Irish housebuilder Cairn Homes has scrapped its shareholder dividend, frozen earnings guidance, and is suspending its current share buyback programme; news of which initially pulled the company’s share price down by over 3% before it recovered.
Ultimately, the Cairn stock – which has held up over the past week — closed the day up by over 2% despite the negative measures to guard against the worst economic consequences of the Covid-19 spread.

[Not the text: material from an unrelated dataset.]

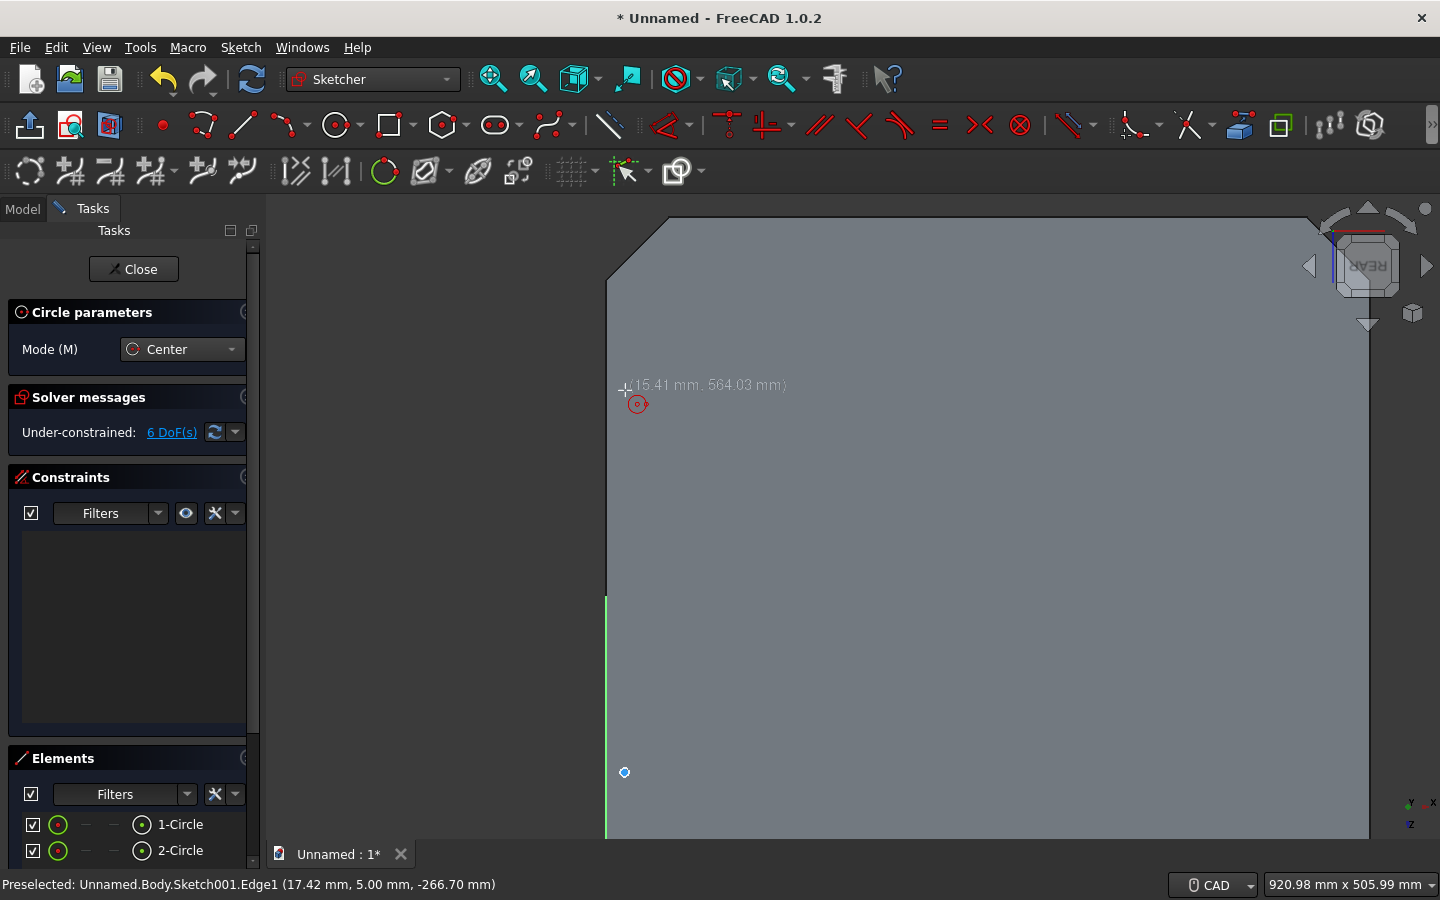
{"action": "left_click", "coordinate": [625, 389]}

The company has also said it expects house sales activity to be negatively impacted over the near-term and possibly for “an indeterminate period of time”.
Cairn had intended to pay a final dividend of 2.75c per share for 2019 and has completed around €46m of its €60m share buyback programme.
It said it still expects to generate “significant excess cash” over the coming years and that its medium-term commitment to a progressive capital returns policy to investors “remains in place”.
“The company’s focus is on prudently managing the business in the long-term interests of all stakeholders through this unprecedented time,” Cairn said.
“Cairn has seen footfall to sites decrease materially over the last two weeks, although online engagement is up.
"The company has confirmed that 85% of its 853 forward sales are contracted, which will give it short-term comfort on revenue if construction can continue,” said Davy analyst Colin Sheridan.
Cairn said it cannot give any earnings guidance for this year while the Covid-19 situation remains so uncertain, but will do so “in due course”.
It said its balance sheet remains strong with total equity of nearly €764m, underpinned by €900m in inventories, including €204m worth of construction work in progress and €693m worth of development land.